## TASK
All records below must be written out exactly, with the pictures excluded.

Saved entries:
════════
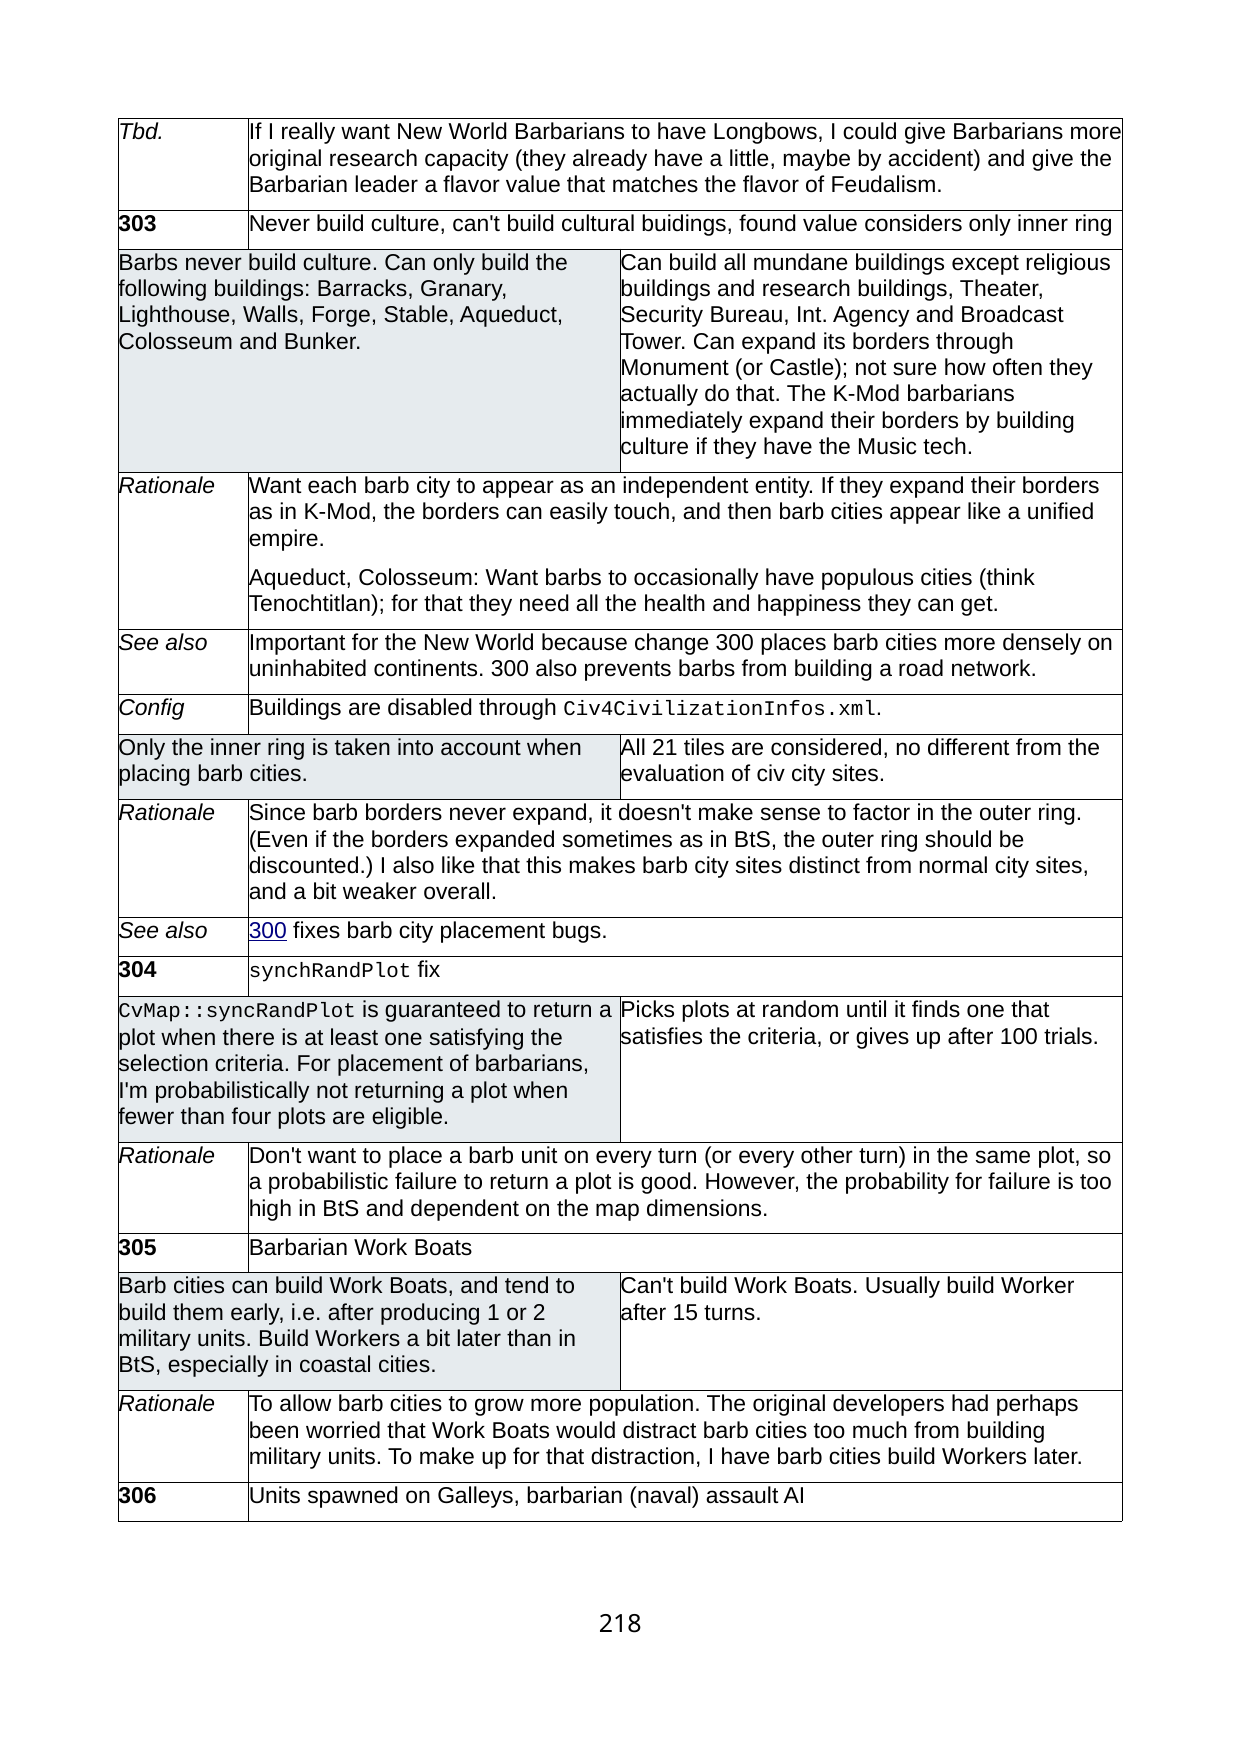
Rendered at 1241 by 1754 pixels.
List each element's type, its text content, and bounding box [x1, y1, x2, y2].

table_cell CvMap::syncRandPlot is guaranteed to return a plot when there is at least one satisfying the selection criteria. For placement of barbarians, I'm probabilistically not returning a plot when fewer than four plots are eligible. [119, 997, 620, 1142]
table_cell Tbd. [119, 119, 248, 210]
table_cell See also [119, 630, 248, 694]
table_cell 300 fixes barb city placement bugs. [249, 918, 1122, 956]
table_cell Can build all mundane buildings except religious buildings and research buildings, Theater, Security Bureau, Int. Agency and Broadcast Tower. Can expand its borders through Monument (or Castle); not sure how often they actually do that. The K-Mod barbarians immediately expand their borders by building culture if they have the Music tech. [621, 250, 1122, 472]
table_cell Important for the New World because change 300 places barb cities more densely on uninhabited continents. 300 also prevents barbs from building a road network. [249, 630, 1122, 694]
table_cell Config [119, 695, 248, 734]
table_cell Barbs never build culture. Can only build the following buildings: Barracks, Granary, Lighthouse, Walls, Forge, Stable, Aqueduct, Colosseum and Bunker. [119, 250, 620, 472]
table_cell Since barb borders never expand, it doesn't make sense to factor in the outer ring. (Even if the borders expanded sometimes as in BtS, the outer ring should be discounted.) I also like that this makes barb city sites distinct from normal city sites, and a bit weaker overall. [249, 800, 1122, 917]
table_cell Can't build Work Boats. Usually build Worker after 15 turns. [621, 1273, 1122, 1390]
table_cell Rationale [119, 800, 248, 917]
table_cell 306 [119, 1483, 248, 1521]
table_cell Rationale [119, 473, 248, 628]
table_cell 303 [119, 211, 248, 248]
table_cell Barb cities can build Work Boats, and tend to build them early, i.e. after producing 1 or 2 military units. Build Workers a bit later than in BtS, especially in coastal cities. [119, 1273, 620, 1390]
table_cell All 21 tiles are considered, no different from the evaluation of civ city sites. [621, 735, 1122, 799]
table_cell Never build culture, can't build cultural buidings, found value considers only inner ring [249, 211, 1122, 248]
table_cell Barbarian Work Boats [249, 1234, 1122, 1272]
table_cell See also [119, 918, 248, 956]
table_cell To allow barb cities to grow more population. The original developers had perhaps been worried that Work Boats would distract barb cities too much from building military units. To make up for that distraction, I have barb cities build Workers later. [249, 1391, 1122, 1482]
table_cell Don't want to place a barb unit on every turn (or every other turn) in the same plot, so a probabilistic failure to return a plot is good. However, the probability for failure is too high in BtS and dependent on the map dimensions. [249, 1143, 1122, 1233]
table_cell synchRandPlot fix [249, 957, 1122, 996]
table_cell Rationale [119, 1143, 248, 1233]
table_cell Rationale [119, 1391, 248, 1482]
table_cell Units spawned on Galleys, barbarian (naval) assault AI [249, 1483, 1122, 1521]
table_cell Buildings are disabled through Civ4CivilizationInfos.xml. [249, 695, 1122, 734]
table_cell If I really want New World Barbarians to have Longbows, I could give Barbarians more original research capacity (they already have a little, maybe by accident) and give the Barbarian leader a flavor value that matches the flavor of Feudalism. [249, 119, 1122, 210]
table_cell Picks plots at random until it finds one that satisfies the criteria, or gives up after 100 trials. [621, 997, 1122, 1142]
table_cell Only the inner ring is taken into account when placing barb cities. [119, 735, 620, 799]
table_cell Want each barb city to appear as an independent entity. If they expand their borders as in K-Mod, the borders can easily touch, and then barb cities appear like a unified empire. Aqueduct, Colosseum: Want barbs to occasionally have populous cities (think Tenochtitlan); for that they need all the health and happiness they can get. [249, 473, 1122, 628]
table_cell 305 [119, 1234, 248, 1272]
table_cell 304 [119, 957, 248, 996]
════════
## SOLUTION TO THIS EXERCISE
Rendered at 1241 by 1754 pixels.
List each element's type, its text content, and bounding box [x1, y1, x2, y2].

table_cell CvMap::syncRandPlot is guaranteed to return a plot when there is at least one satisfying the selection criteria. For placement of barbarians, I'm probabilistically not returning a plot when fewer than four plots are eligible. [119, 997, 620, 1142]
table_cell Tbd. [119, 119, 248, 210]
table_cell See also [119, 630, 248, 694]
table_cell 300 fixes barb city placement bugs. [249, 918, 1122, 956]
table_cell Can build all mundane buildings except religious buildings and research buildings, Theater, Security Bureau, Int. Agency and Broadcast Tower. Can expand its borders through Monument (or Castle); not sure how often they actually do that. The K-Mod barbarians immediately expand their borders by building culture if they have the Music tech. [621, 250, 1122, 472]
table_cell Important for the New World because change 300 places barb cities more densely on uninhabited continents. 300 also prevents barbs from building a road network. [249, 630, 1122, 694]
table_cell Config [119, 695, 248, 734]
table_cell Barbs never build culture. Can only build the following buildings: Barracks, Granary, Lighthouse, Walls, Forge, Stable, Aqueduct, Colosseum and Bunker. [119, 250, 620, 472]
table_cell Since barb borders never expand, it doesn't make sense to factor in the outer ring. (Even if the borders expanded sometimes as in BtS, the outer ring should be discounted.) I also like that this makes barb city sites distinct from normal city sites, and a bit weaker overall. [249, 800, 1122, 917]
table_cell Can't build Work Boats. Usually build Worker after 15 turns. [621, 1273, 1122, 1390]
table_cell Rationale [119, 800, 248, 917]
table_cell 306 [119, 1483, 248, 1521]
table_cell Rationale [119, 473, 248, 628]
table_cell 303 [119, 211, 248, 248]
table_cell Barb cities can build Work Boats, and tend to build them early, i.e. after producing 1 or 2 military units. Build Workers a bit later than in BtS, especially in coastal cities. [119, 1273, 620, 1390]
table_cell All 21 tiles are considered, no different from the evaluation of civ city sites. [621, 735, 1122, 799]
table_cell Never build culture, can't build cultural buidings, found value considers only inner ring [249, 211, 1122, 248]
table_cell Barbarian Work Boats [249, 1234, 1122, 1272]
table_cell See also [119, 918, 248, 956]
table_cell To allow barb cities to grow more population. The original developers had perhaps been worried that Work Boats would distract barb cities too much from building military units. To make up for that distraction, I have barb cities build Workers later. [249, 1391, 1122, 1482]
table_cell Don't want to place a barb unit on every turn (or every other turn) in the same plot, so a probabilistic failure to return a plot is good. However, the probability for failure is too high in BtS and dependent on the map dimensions. [249, 1143, 1122, 1233]
table_cell synchRandPlot fix [249, 957, 1122, 996]
table_cell Rationale [119, 1143, 248, 1233]
table_cell Rationale [119, 1391, 248, 1482]
table_cell Units spawned on Galleys, barbarian (naval) assault AI [249, 1483, 1122, 1521]
table_cell Buildings are disabled through Civ4CivilizationInfos.xml. [249, 695, 1122, 734]
table_cell If I really want New World Barbarians to have Longbows, I could give Barbarians more original research capacity (they already have a little, maybe by accident) and give the Barbarian leader a flavor value that matches the flavor of Feudalism. [249, 119, 1122, 210]
table_cell Picks plots at random until it finds one that satisfies the criteria, or gives up after 100 trials. [621, 997, 1122, 1142]
table_cell Only the inner ring is taken into account when placing barb cities. [119, 735, 620, 799]
table_cell Want each barb city to appear as an independent entity. If they expand their borders as in K-Mod, the borders can easily touch, and then barb cities appear like a unified empire. Aqueduct, Colosseum: Want barbs to occasionally have populous cities (think Tenochtitlan); for that they need all the health and happiness they can get. [249, 473, 1122, 628]
table_cell 305 [119, 1234, 248, 1272]
table_cell 304 [119, 957, 248, 996]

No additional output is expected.